## [TASK GOAL]
Write out each record below exactly, but not the pictures.

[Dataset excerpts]
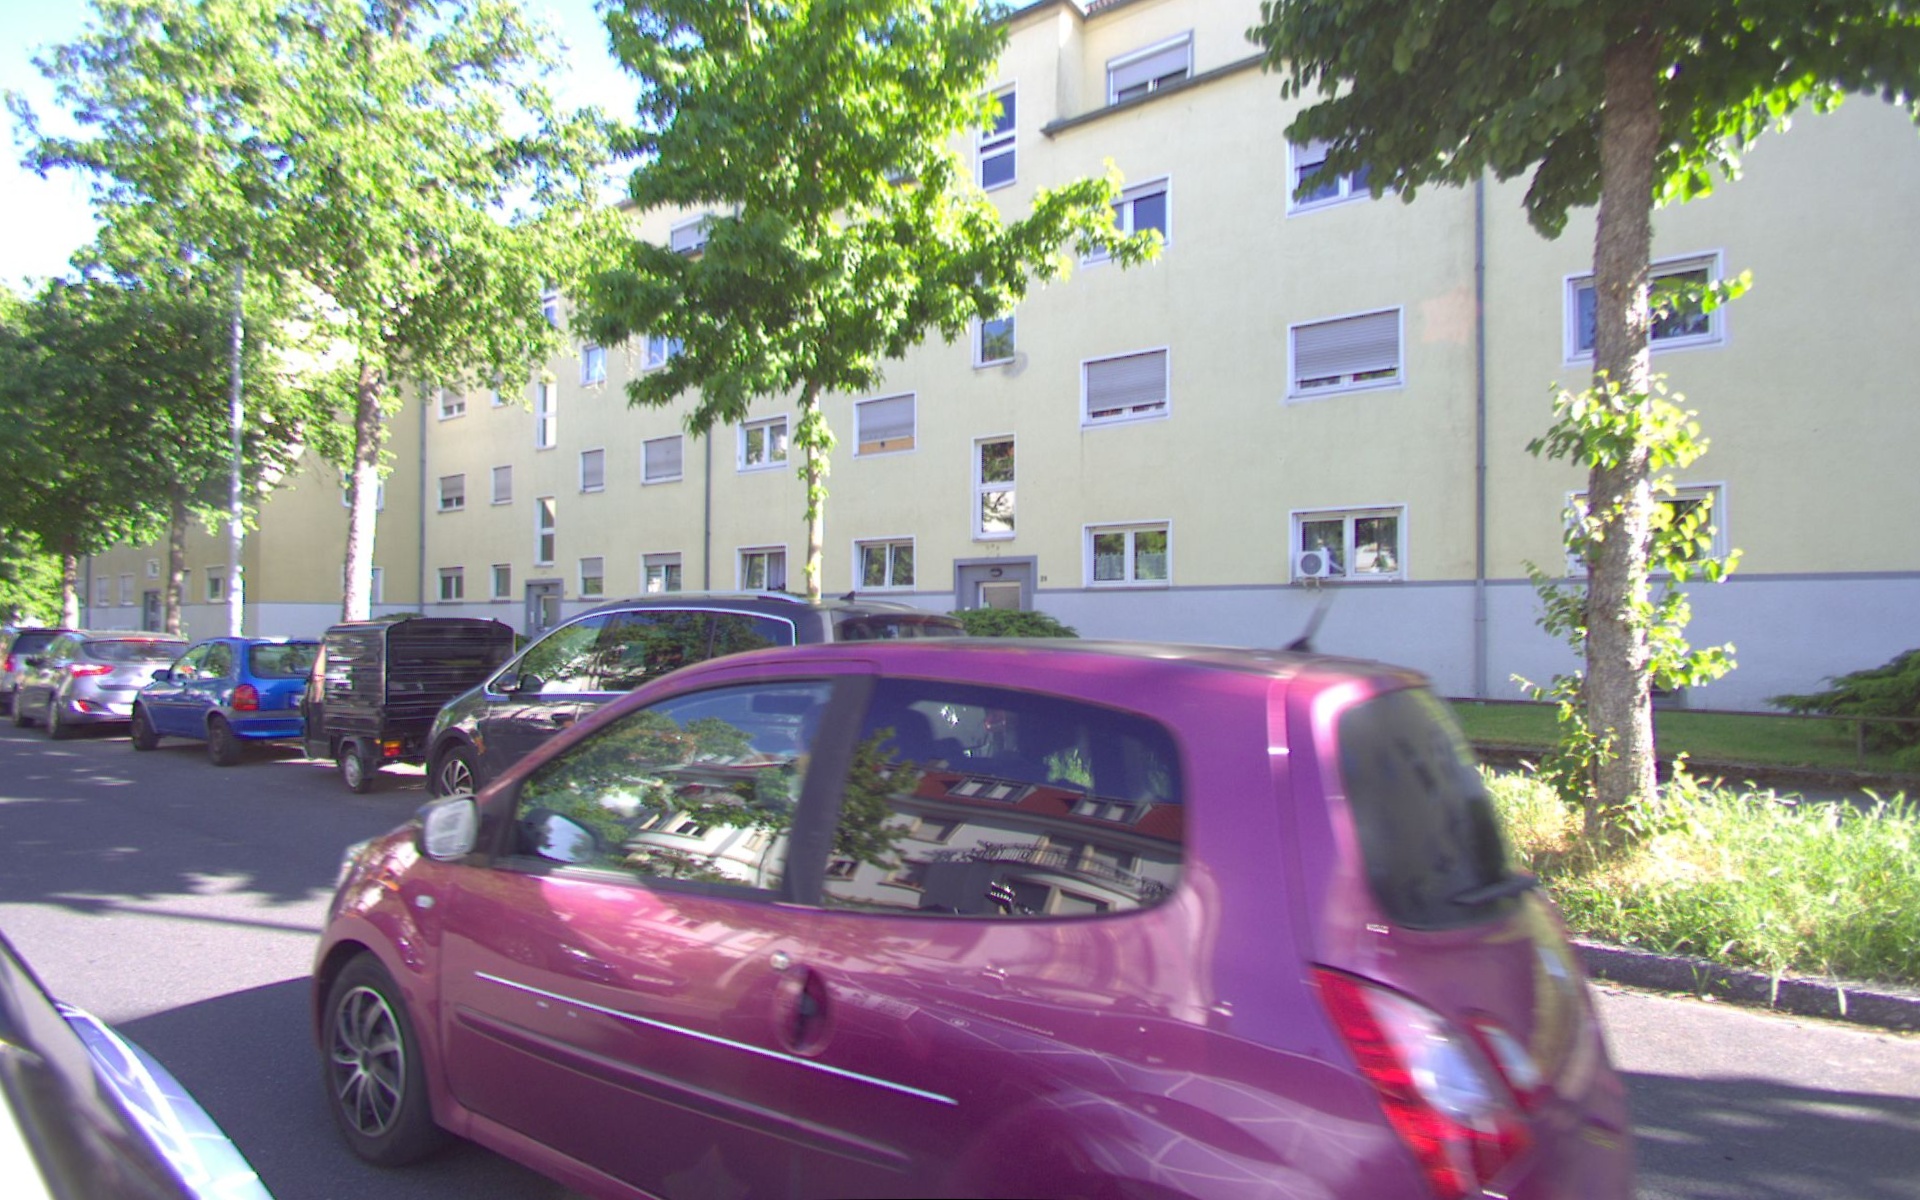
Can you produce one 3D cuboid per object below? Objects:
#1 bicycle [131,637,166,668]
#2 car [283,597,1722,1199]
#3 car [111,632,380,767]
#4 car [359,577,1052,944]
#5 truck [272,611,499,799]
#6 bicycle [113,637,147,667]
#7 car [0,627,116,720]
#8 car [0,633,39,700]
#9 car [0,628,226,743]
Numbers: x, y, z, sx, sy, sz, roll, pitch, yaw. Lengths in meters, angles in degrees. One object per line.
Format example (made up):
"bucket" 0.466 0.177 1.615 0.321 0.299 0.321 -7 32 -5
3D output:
"bicycle" -27.478 1.769 34.242 1.746 1.034 0.530 -1 -2 38
"car" -0.124 0.769 2.567 3.168 1.437 1.493 -1 -3 33
"car" -8.749 1.093 12.305 3.718 1.406 1.507 -1 -2 35
"car" -1.975 0.850 6.937 4.967 1.693 1.832 -1 -5 36
"truck" -5.602 0.933 9.807 2.429 1.589 1.073 -2 -3 39
"bicycle" -29.025 1.801 35.395 1.746 1.034 0.535 -1 -2 38
"car" -17.126 1.297 18.534 4.262 1.527 1.605 -1 -5 38
"car" -21.863 1.399 22.095 4.666 1.379 1.729 -1 -3 37
"car" -12.756 1.180 15.016 4.682 1.455 1.774 -1 -4 38
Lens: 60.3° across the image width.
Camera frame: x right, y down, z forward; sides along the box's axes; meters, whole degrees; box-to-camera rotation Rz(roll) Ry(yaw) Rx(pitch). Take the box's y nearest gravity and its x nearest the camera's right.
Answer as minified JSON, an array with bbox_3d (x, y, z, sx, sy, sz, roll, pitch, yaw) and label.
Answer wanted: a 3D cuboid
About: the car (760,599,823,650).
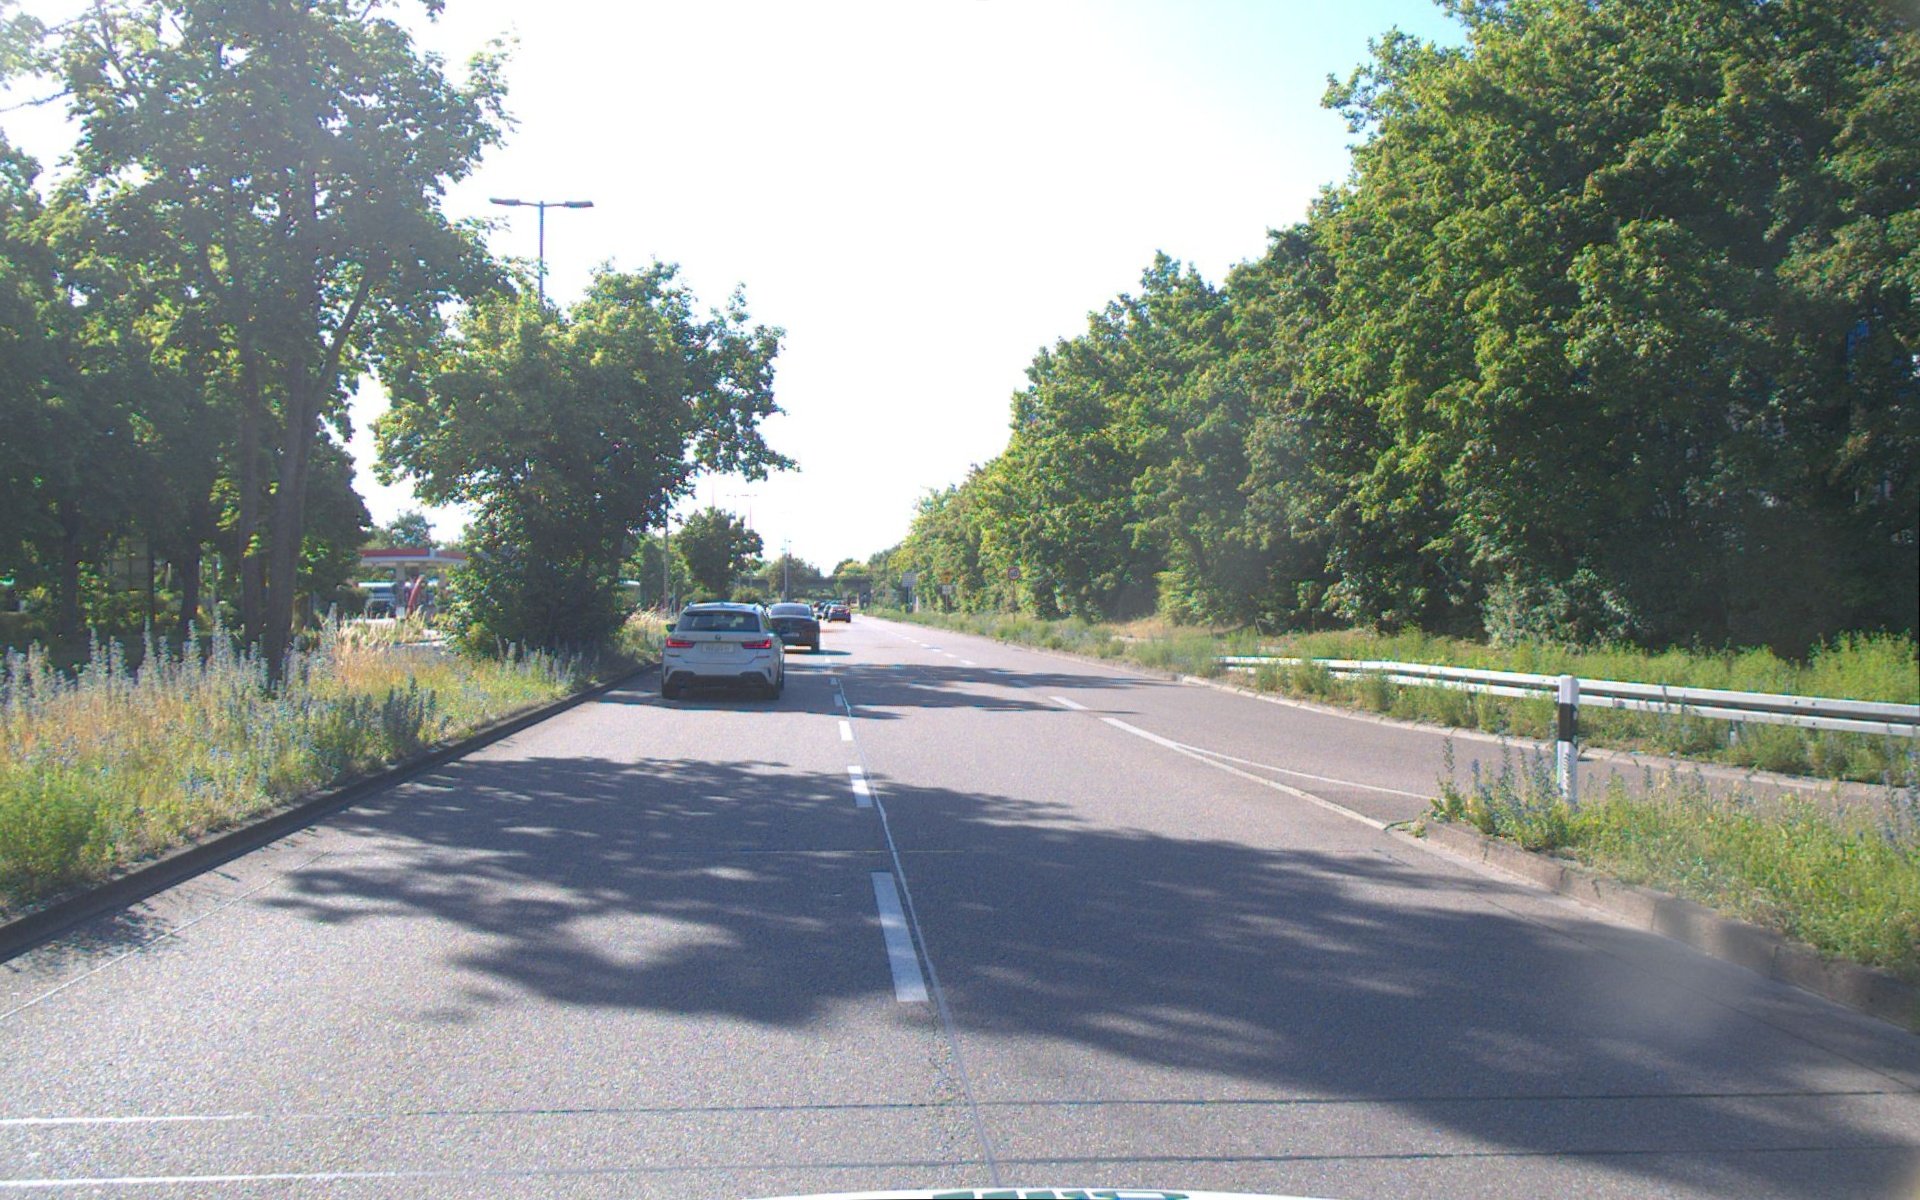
[{"bbox_3d":[-5.173,0.728,51.034,1.825,1.480,4.542,-1,0,-5],"label":"car"}]

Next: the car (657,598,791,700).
[{"bbox_3d":[-3.695,0.720,26.576,1.825,1.480,4.543,1,0,-5],"label":"car"}]

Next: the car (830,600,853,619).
[{"bbox_3d":[-9.873,0.786,137.797,1.825,1.525,4.331,0,0,-5],"label":"car"}]

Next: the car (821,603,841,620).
[{"bbox_3d":[-12.499,1.079,160.049,1.738,1.583,3.827,-1,0,-7],"label":"car"}]

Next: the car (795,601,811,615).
[{"bbox_3d":[-18.141,0.881,191.569,1.825,1.592,4.542,0,0,-5],"label":"car"}]

## [TASK RESPONSE]
Can you produce one 3D cuboid per object below? Objects:
#1 bicycle [131,637,166,668]
#2 car [283,597,1722,1199]
#3 car [111,632,380,767]
#4 car [359,577,1052,944]
#5 truck [272,611,499,799]
#6 bicycle [113,637,147,667]
#7 car [0,627,116,720]
#8 car [0,633,39,700]
#9 car [0,628,226,743]
Numbers: x, y, z, sx, sy, sz, roll, pitch, yaw. Lengths in meters, angles in degrees. One object per line.
Format example (made up):
"bucket" 0.466 0.177 1.615 0.321 0.299 0.321 -7 32 -5
3D output:
"bicycle" -27.478 1.769 34.242 1.746 1.034 0.530 -1 -2 38
"car" -0.124 0.769 2.567 3.168 1.437 1.493 -1 -3 33
"car" -8.749 1.093 12.305 3.718 1.406 1.507 -1 -2 35
"car" -1.975 0.850 6.937 4.967 1.693 1.832 -1 -5 36
"truck" -5.602 0.933 9.807 2.429 1.589 1.073 -2 -3 39
"bicycle" -29.025 1.801 35.395 1.746 1.034 0.535 -1 -2 38
"car" -17.126 1.297 18.534 4.262 1.527 1.605 -1 -5 38
"car" -21.863 1.399 22.095 4.666 1.379 1.729 -1 -3 37
"car" -12.756 1.180 15.016 4.682 1.455 1.774 -1 -4 38
Lens: 60.3° across the image width.
Camera frame: x right, y down, z forward; sides along the box's axes; meters, whole degrees; box-to-camera rotation Rz(roll) Ry(yaw) Rx(pitch). Take the box's y nearest gravity and its x nearest the camera's right.
Answer as minified JSON, an array with bbox_3d (x, y, z, sx, sy, sz, roll, pitch, yaw) and label.
Answer wanted: a 3D cuboid
About: the car (760,599,823,650).
[{"bbox_3d":[-5.173,0.728,51.034,1.825,1.480,4.542,-1,0,-5],"label":"car"}]

Next: the car (657,598,791,700).
[{"bbox_3d":[-3.695,0.720,26.576,1.825,1.480,4.543,1,0,-5],"label":"car"}]

Next: the car (830,600,853,619).
[{"bbox_3d":[-9.873,0.786,137.797,1.825,1.525,4.331,0,0,-5],"label":"car"}]

Next: the car (821,603,841,620).
[{"bbox_3d":[-12.499,1.079,160.049,1.738,1.583,3.827,-1,0,-7],"label":"car"}]

Next: the car (795,601,811,615).
[{"bbox_3d":[-18.141,0.881,191.569,1.825,1.592,4.542,0,0,-5],"label":"car"}]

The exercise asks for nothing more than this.